I think that was kind of the high point. The next few years are relatively unmemorable. Then just plain bad.

First year out of college, my boyfriend at the time passed out before midnight. I was so pissed I almost broke up with him right then and there.

By the next year we were broken up, and being it was a relatively fresh wound, I spent it hysterical and not nearly intoxicated enough.

Last year, a huge party led to a possible roofies incident, a massive couple’s fight, and several falls on the cold marble floor of a giant church that was rented out for the night. I put myself to bed by 1 am.

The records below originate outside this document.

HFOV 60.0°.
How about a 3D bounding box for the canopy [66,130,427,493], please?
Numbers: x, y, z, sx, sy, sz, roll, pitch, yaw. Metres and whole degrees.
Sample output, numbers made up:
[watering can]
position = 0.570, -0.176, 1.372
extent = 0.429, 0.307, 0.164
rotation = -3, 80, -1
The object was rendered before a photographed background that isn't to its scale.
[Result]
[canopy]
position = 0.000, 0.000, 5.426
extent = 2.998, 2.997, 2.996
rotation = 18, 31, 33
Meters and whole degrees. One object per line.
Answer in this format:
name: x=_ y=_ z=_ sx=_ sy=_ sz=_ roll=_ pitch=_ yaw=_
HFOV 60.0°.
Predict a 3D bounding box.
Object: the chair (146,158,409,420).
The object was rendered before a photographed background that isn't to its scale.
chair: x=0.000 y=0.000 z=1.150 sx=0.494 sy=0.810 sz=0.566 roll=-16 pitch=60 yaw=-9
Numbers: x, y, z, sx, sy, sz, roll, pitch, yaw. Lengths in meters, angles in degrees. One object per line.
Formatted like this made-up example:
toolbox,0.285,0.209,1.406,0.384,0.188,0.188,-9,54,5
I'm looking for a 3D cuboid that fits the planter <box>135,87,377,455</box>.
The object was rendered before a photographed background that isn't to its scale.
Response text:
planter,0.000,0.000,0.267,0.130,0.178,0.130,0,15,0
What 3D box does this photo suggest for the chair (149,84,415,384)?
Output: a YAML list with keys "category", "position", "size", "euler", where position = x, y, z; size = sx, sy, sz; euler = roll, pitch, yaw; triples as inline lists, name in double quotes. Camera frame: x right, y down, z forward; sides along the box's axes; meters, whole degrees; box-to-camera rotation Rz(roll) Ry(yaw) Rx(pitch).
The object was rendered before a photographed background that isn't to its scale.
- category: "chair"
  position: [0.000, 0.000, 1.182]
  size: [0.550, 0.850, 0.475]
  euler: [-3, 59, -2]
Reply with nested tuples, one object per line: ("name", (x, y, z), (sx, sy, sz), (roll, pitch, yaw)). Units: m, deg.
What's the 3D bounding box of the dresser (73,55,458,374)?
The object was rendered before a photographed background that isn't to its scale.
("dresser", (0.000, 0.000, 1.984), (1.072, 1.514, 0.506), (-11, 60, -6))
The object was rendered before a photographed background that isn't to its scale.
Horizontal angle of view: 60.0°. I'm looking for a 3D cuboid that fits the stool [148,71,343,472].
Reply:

Which brings us to this year. And the inevitable, oh my god, what are we going to do, it’s going to be soooo fun has turned into, seriously, what couch can I park myself on, drink straight from the bottle, and wear my favorite sweatpants?. And it’s not just me having these sentiments. It seems to be pretty much everyone has had one too many NYE let downs and wants to just throw in the towel.
Life Lesson #41: I used to love New Year’s Eve. Because it was impromptu, silly, no unnecessary need to make sure everything turned out awesome. Huge plans weren’t made and massive parties were not orchestrated. It was just people getting together to have a good time, enjoy each other’s company, and maybe pull some pranks on one another.

So this year, I think I’m going to join Liberace at a low key party. No expectations for a brilliant evening or the best night of the year. What I might do, however, is put on a hot pink cone-shaped party hat with glitter all over it and tie Liberace up in a long piece of silver streamer. That just might ensure a successful evening.